Disclaimer: I'm the author of the article.

kawsper · on Feb 14, 2018

I guess they can use Traefik to distribute the certificates, so instead of having each node request their own set of certificates, he can instead request them once and distribute the certificate to all the other nodes, and keep themselves under the limit set by LetsEncrypt.

forcer · on Feb 14, 2018

Author mentions why not use Cloudflare that CDN cache is purged often. If you want to verify if it happens for your content. You can try this tool - http://cloudperf.speedchecker.xyz/cloudflare-tester.html

Side effect of this tool as you might have guessed is that using it will actually prolong the time your content stays in their cache.

kardos · on Feb 14, 2018

So one could setup an automated crawler thatbruns frequently to keep everything in cache?

janoszen · on Feb 14, 2018

Yes, but you would need a crawler that does so in every region, or at least know the IPs of the edge nodes on that CDN. You would probably also hit some rate limit / DDoS protection with the CDN itself.

dzolvd · on Feb 14, 2018

https://github.com/apache/incubator-trafficcontrol is an open source cache control layer (working with ATS) that has features for header rewrites, ssl, and custom urls (among others). It is built for video but can be used to cache any content. Probably a bit heavy for your use case infrastructure wise though.

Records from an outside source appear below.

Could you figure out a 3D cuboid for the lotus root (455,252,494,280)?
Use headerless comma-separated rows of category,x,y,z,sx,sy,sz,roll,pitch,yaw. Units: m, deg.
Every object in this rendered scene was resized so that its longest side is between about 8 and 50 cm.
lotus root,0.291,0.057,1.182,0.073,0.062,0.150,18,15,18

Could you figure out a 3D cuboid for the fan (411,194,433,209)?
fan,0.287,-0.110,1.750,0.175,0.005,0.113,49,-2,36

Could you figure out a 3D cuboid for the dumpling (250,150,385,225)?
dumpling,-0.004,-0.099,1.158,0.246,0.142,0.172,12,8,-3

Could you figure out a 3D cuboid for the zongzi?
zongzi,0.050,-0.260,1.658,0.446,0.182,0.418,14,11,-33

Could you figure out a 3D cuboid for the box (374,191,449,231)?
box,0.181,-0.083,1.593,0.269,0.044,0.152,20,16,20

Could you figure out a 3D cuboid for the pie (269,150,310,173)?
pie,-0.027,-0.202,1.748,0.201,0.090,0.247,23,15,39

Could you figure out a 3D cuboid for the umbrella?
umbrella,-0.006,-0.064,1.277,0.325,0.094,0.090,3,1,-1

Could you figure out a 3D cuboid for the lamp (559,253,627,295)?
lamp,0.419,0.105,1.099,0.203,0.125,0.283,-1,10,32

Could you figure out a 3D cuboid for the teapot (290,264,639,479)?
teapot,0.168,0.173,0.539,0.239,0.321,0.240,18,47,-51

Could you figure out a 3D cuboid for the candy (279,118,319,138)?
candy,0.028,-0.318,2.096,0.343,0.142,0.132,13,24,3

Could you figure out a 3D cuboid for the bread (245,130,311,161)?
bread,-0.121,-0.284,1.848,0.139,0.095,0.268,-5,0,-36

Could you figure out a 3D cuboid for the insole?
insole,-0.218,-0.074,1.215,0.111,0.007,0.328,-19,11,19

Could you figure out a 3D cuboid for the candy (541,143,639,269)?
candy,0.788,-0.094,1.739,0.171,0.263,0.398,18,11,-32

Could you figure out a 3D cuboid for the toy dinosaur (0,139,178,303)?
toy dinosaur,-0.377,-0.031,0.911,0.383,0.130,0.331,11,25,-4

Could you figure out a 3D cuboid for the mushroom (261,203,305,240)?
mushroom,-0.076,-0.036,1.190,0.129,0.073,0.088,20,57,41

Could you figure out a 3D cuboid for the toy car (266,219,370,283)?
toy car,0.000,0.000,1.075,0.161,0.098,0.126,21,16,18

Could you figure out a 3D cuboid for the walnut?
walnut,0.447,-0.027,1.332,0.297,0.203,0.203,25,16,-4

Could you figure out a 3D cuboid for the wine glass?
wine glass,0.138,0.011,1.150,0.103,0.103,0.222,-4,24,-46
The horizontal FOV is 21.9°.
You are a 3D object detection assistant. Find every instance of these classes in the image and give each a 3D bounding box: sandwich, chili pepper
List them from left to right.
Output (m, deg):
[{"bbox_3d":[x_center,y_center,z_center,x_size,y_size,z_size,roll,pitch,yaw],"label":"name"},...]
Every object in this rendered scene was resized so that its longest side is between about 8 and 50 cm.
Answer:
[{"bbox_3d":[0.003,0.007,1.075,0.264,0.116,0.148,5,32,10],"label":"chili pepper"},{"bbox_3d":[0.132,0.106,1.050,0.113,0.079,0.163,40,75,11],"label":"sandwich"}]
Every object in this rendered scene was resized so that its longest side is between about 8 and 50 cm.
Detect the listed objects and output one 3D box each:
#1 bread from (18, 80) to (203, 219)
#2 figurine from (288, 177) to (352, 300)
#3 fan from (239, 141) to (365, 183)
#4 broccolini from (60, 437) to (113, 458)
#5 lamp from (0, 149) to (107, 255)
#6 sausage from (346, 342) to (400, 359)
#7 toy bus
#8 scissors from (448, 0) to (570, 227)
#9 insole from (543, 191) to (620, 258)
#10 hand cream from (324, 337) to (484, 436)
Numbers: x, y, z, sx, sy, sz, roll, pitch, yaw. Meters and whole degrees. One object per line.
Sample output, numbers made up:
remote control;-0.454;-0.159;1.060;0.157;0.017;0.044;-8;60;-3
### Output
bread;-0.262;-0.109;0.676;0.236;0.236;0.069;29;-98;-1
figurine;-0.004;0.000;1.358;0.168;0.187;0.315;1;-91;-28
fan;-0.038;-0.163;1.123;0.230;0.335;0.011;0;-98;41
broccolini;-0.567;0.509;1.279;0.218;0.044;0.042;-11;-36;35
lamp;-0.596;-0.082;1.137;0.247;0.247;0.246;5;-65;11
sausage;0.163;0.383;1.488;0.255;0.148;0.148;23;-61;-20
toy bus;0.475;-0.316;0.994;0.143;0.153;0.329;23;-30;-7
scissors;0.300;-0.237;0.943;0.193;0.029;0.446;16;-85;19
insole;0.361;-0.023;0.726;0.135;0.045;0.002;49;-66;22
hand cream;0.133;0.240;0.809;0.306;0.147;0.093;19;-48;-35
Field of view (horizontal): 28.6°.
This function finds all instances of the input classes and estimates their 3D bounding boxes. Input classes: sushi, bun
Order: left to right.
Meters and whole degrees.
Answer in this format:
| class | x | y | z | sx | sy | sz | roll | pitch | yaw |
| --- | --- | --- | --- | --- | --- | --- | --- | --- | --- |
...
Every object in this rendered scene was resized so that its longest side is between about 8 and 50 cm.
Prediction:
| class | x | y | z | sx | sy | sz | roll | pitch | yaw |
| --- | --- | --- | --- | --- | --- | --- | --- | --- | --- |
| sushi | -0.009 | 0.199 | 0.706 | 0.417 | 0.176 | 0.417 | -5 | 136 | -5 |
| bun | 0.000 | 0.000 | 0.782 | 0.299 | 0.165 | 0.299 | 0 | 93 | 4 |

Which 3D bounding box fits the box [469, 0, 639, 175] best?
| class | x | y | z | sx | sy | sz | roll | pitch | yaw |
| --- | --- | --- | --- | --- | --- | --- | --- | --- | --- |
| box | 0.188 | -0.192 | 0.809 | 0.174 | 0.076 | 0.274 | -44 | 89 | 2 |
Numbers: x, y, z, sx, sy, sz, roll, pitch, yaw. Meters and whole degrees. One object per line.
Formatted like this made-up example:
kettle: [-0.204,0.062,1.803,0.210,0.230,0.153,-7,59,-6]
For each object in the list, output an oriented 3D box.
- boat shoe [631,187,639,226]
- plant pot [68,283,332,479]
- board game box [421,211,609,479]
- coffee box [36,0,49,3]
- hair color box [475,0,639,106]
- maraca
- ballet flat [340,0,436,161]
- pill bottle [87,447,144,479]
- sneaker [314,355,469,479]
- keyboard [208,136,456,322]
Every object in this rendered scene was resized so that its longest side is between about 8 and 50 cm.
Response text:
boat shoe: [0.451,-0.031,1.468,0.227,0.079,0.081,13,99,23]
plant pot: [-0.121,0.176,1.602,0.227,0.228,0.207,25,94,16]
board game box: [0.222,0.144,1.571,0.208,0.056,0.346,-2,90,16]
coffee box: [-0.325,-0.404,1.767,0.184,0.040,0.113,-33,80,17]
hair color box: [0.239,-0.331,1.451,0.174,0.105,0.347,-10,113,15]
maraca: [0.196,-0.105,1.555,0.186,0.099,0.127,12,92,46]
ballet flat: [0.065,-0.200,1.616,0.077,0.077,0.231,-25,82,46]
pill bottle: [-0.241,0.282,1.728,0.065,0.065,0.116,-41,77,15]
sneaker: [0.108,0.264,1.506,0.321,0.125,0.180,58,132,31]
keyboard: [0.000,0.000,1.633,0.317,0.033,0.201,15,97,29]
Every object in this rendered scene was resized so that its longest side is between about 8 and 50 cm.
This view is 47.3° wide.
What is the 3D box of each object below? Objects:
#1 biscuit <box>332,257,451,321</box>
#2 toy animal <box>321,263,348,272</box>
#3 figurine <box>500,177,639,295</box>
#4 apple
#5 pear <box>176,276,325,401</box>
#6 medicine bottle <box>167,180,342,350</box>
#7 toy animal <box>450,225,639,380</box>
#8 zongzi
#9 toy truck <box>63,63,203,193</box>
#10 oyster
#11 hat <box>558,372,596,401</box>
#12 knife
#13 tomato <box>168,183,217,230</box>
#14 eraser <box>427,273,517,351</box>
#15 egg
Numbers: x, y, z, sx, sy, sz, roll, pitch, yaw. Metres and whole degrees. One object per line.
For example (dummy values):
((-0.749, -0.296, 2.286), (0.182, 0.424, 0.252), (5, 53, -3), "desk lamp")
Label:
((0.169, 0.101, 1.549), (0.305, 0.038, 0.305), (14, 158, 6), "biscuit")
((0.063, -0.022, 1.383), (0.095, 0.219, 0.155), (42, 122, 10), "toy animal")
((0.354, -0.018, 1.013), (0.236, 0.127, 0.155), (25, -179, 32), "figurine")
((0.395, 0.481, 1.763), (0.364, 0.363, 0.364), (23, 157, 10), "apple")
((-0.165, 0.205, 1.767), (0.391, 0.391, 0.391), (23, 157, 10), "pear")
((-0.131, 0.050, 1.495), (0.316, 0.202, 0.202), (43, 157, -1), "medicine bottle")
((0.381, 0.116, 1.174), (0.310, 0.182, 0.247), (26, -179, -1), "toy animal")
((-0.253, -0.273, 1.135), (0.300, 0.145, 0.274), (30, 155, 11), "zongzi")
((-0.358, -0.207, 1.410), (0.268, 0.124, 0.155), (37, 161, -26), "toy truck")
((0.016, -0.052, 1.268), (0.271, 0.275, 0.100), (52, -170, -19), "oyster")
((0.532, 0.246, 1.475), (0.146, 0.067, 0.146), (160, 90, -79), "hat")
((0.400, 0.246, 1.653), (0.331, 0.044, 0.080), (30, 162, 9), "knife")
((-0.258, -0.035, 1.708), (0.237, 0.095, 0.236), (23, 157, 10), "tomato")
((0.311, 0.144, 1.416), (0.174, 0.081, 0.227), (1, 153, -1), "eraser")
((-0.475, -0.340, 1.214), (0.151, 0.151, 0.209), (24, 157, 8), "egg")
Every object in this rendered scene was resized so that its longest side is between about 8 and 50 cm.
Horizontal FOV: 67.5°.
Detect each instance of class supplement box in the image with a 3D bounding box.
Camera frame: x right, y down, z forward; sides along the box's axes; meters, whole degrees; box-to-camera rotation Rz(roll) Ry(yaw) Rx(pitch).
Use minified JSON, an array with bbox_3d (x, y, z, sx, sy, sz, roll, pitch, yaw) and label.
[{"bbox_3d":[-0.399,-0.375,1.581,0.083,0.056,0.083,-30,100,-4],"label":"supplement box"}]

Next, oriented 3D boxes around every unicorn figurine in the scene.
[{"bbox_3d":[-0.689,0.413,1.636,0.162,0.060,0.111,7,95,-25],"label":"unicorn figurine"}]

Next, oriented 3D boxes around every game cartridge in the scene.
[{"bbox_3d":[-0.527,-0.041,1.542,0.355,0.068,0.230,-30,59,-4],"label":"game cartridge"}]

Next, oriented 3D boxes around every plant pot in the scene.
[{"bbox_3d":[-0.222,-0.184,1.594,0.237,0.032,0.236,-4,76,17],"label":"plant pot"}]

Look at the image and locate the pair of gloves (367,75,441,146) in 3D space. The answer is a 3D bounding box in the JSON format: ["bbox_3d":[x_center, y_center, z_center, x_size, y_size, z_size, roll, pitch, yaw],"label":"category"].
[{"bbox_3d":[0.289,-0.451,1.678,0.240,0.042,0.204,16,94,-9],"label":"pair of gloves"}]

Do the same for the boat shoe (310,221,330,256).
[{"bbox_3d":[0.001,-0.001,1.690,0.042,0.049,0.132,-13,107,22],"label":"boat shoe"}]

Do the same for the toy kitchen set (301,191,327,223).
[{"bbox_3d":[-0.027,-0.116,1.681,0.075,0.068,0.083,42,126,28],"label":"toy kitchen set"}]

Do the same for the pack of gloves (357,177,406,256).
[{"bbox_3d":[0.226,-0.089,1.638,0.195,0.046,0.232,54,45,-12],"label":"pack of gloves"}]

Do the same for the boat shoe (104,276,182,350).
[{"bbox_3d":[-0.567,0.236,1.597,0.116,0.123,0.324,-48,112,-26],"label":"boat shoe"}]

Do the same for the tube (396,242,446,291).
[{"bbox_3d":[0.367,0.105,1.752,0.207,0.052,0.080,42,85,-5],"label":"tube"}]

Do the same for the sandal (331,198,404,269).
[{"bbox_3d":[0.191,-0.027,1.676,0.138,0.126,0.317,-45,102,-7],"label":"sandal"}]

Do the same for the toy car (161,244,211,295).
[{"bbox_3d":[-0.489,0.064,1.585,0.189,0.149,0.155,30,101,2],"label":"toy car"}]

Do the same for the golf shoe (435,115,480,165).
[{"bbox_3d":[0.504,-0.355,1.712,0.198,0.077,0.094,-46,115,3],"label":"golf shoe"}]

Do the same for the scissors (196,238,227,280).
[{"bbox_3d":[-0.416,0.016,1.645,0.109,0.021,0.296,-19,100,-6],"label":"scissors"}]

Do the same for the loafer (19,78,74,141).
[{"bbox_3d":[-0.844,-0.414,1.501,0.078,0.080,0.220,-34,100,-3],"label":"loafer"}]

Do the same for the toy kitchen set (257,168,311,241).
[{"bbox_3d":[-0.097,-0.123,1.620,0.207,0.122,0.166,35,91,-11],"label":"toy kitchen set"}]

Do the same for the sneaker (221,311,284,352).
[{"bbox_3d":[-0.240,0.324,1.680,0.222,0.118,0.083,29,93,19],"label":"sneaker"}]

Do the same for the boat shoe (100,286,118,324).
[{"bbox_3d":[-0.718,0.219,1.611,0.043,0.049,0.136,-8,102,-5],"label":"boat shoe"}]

janoszen · on Feb 14, 2018

Interesting, although I specifically wanted to build a push CDN (where I can push the content) rather than a pull CDN (that works with an origin) to avoid the added latency with cache misses.

dzolvd · on Feb 14, 2018

Makes sense, I am enjoying looking through the source as we are moving to an ansible and hopefully dockerized deployment model.

janoszen · on Feb 14, 2018

Of course it's dockerized, it has to be cool, right? :)

Ansible is running docker-compose up -d on deployment an Traefik is doing the magic. I want to extend it to host multiple sites in the future. (Btw. Ansible ran from a central location is painfully slow because of the large latency to the edge nodes.)

The content itself is deployed using rsync, Ansible was just too painfully slow for that.

dx034 · on Feb 14, 2018

> Second, BGP routes are not that stable. While DNS requests only require a single packet to be sent in both directions, HTTP (web) requests require establishing a connection to download the content. If the route changes, the HTTP connection is broken.

I thought Cloudflare uses Anycast to avoid targeted DDOS? How do they handle changing routes during HTTP requests?

anonacct37 · on Feb 14, 2018

There's alot of fear around the possibilities of flapping routes, but alot of real world data seems to show it doesn't happen seem to impact web traffic that often.

People often mix and match anycast/Geo DNS and anycast/unicast http.

Some even go a step further and, for video files, anycast to a node that 302s to it's own unicast address.

scurvy · on Feb 14, 2018

Indeed. There are also right ways to setup anycasting and wrong ways.

Right way: 1-2 major Tier1 carriers across all of your PoPs with local peering for regional eyeball networks.

Wrong way: Using a different set of transit carriers at each location.

You really don't want that many AS paths to reach your content from a given location (3-4 is more than enough). What you're really going for with BGP anycasting is that your local ISP has a direct route to the closest PoP via exchange peering, or that the Tier1 path drop you off to the "closest" route. Transit carriers do this for a living, and they're usually quite good at figuring out route weighting inside their own network.

Yes, I know Netflix does it differently but they use a lot more smart geo DNS routing than anycasting.

Edit: IMHO it's also better to choose a Tier1 with a moderate sized network that values stability and performance over size. So someone like NTT over say Level3.

chatmasta · on Feb 14, 2018

Anycast means there are multiple routes going to the same destination. You get the route that is the shortest path via BGP to the anycast IP (least number of BGP hops). Once you have an established TCP session via one route, it will remain established through that route, as long as that route is still the “shortest” between your IP and the anycast IP.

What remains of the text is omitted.